● **Problem to work on**: If a line in the following entries holds the string "agent", include it in the tally. State the total and nothing further.
:::
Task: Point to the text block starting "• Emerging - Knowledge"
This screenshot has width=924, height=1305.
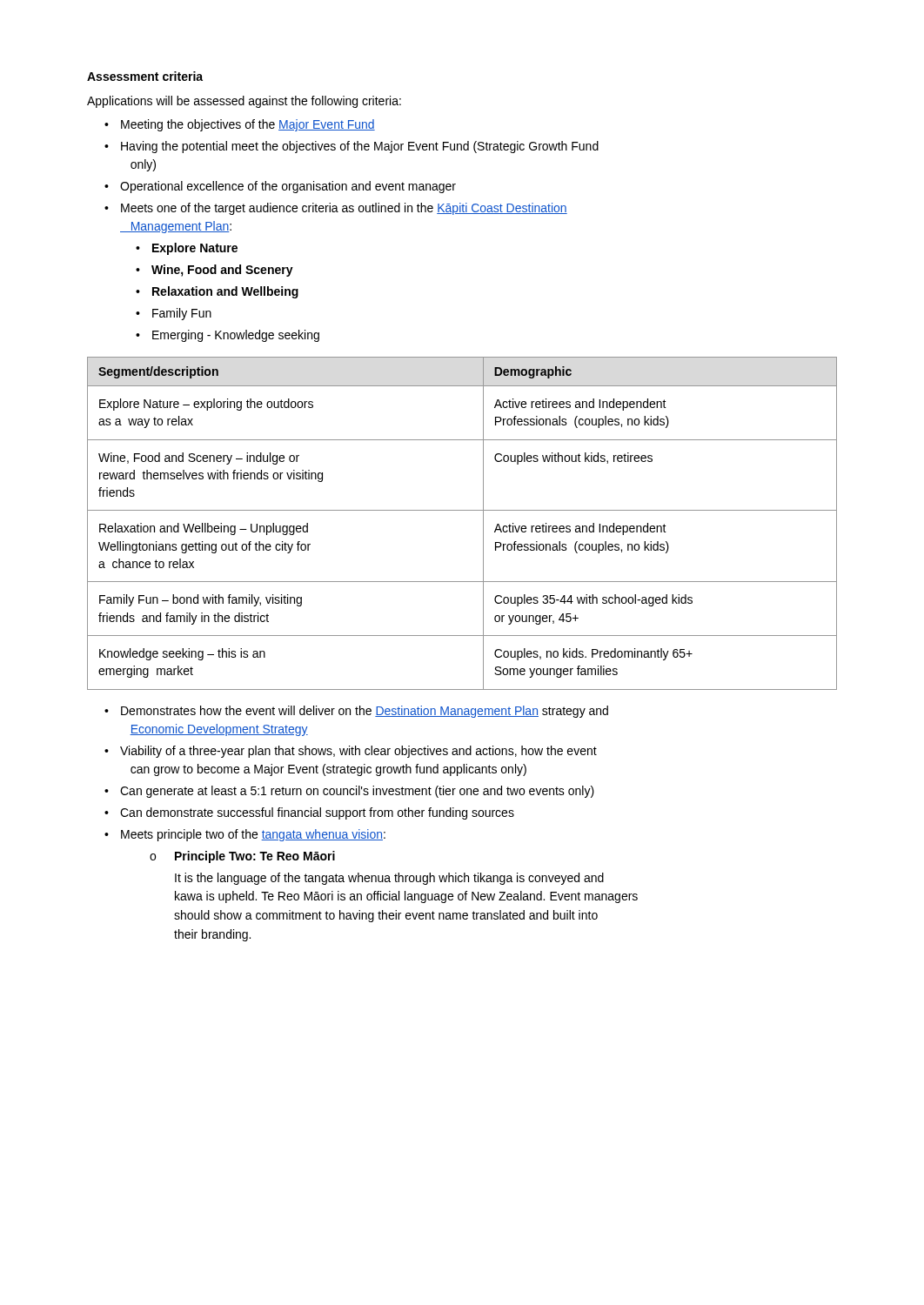Action: (x=228, y=335)
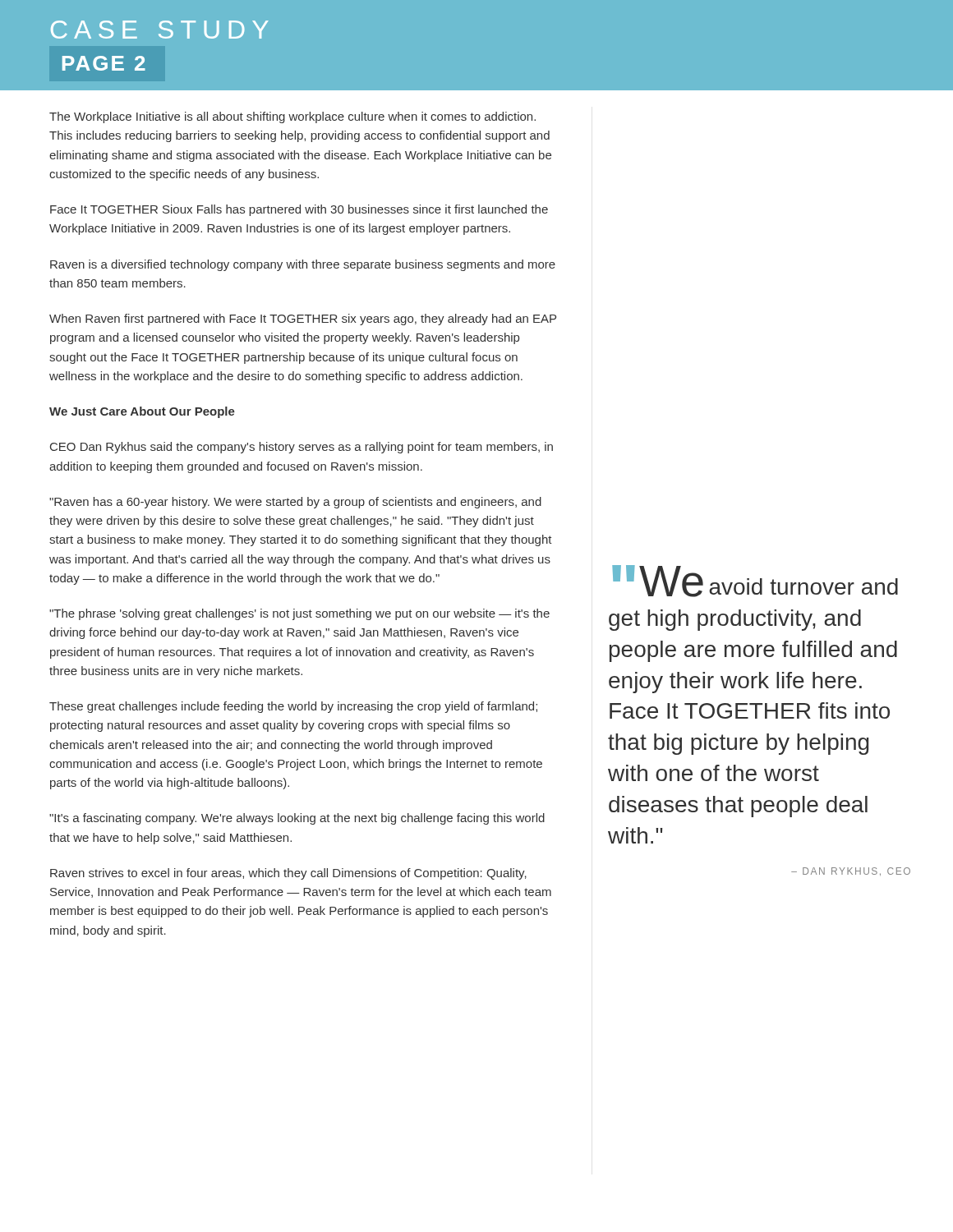Where is the passage that starts "CEO Dan Rykhus said the company's"?
The height and width of the screenshot is (1232, 953).
(304, 456)
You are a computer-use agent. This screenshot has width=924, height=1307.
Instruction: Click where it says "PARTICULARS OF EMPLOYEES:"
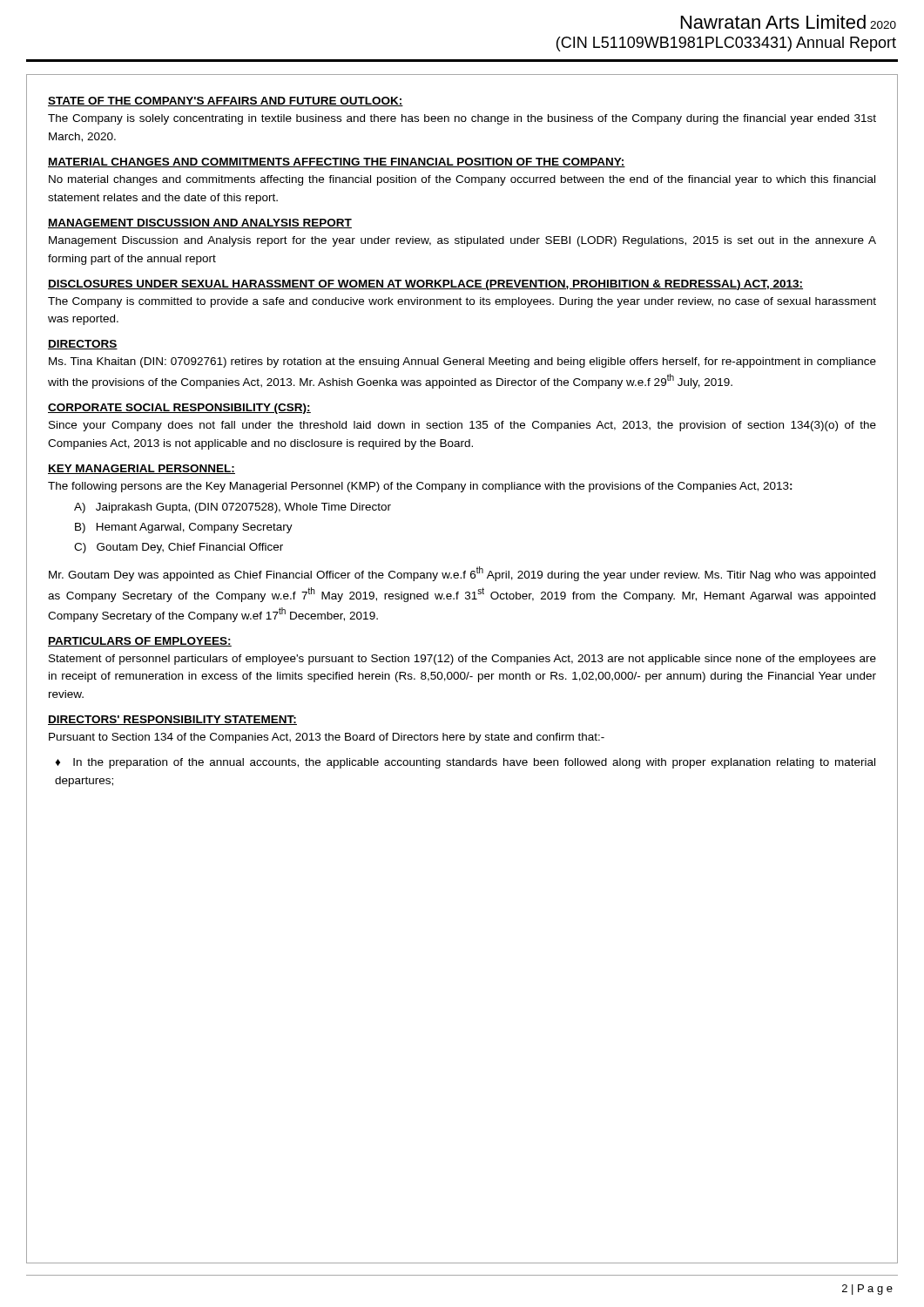tap(140, 640)
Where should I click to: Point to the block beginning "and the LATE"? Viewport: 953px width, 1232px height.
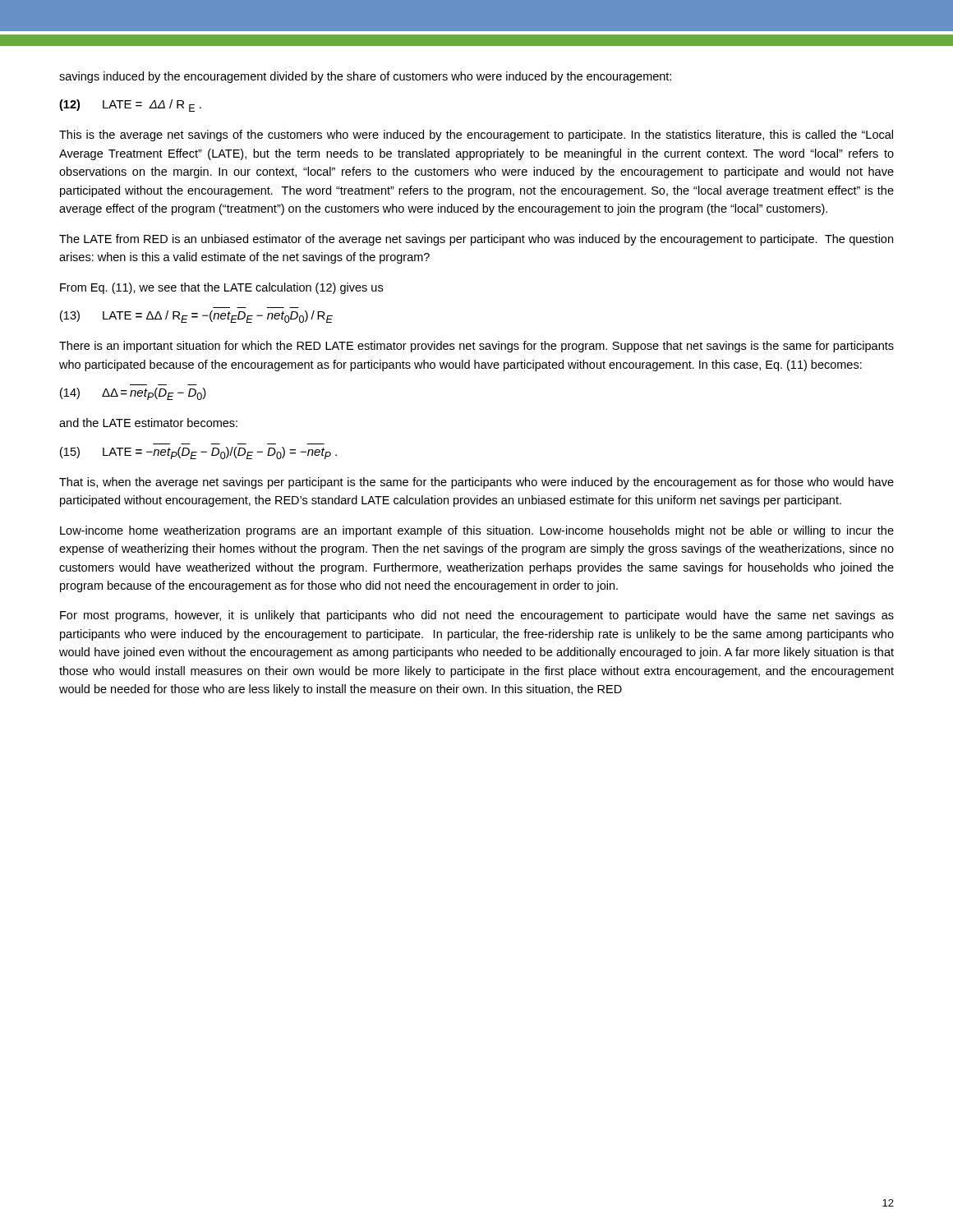click(148, 423)
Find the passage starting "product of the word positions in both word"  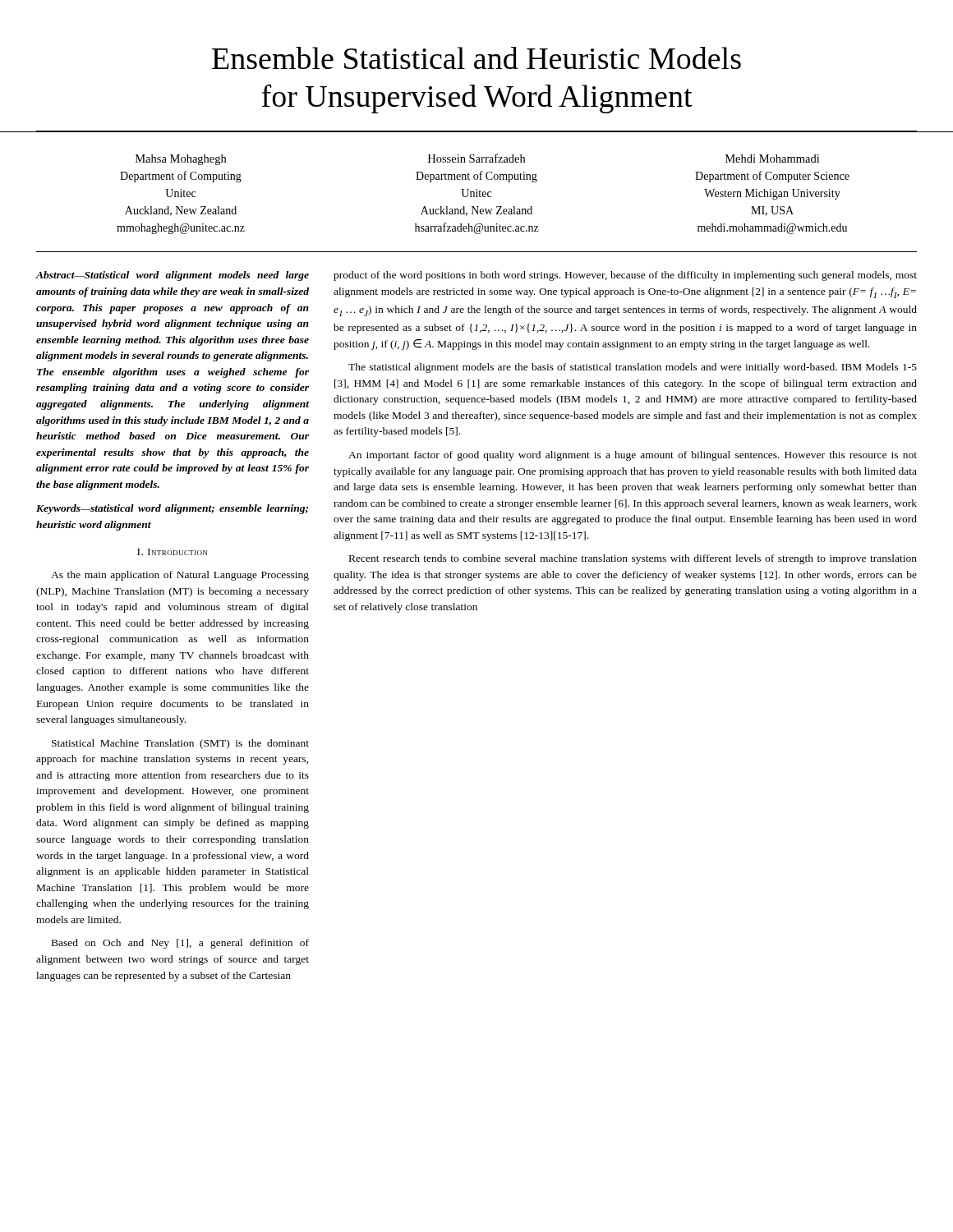tap(625, 309)
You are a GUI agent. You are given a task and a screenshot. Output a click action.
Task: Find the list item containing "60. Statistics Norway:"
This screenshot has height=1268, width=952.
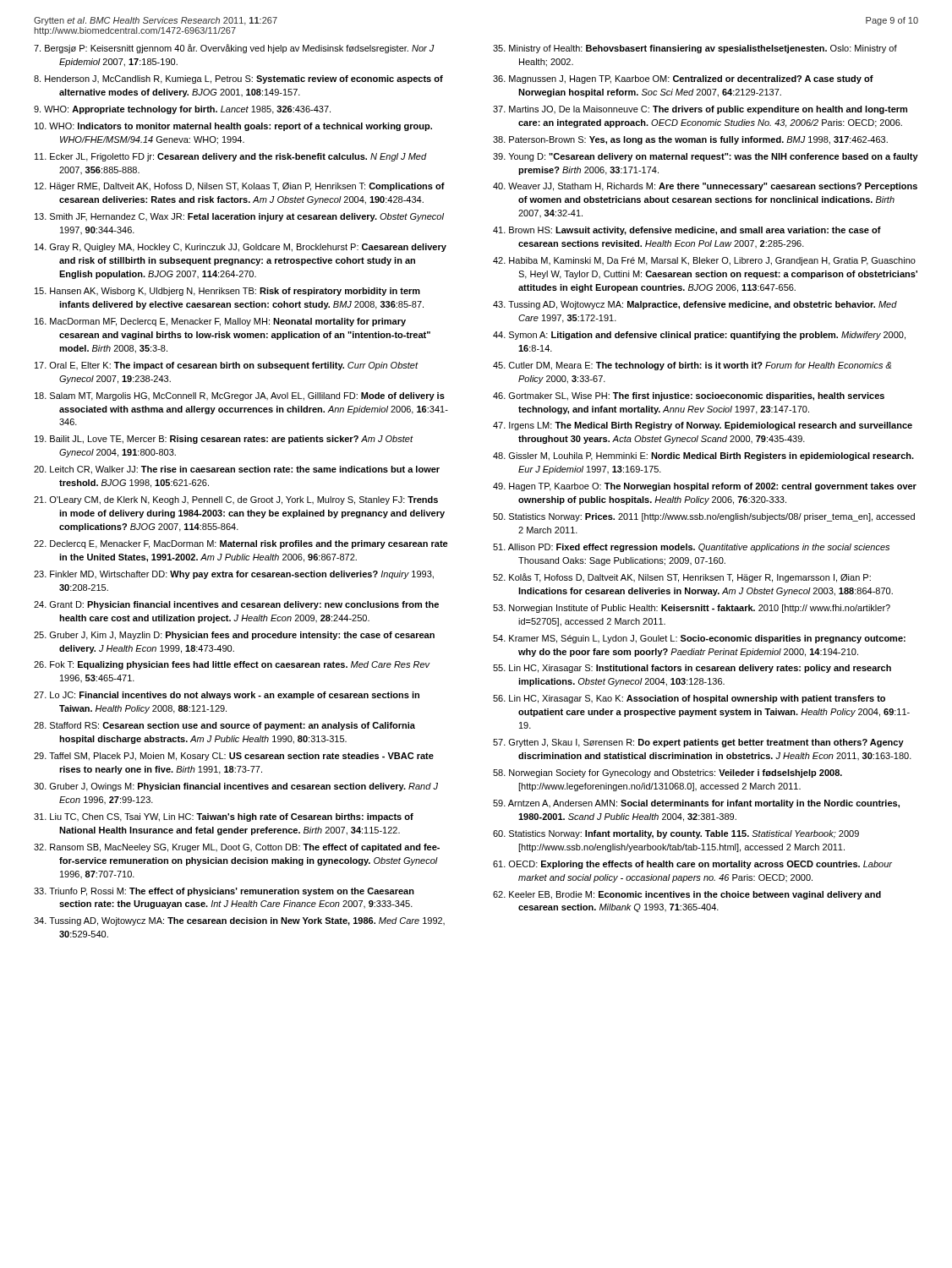point(676,840)
:::
● **Finished exercise**: 2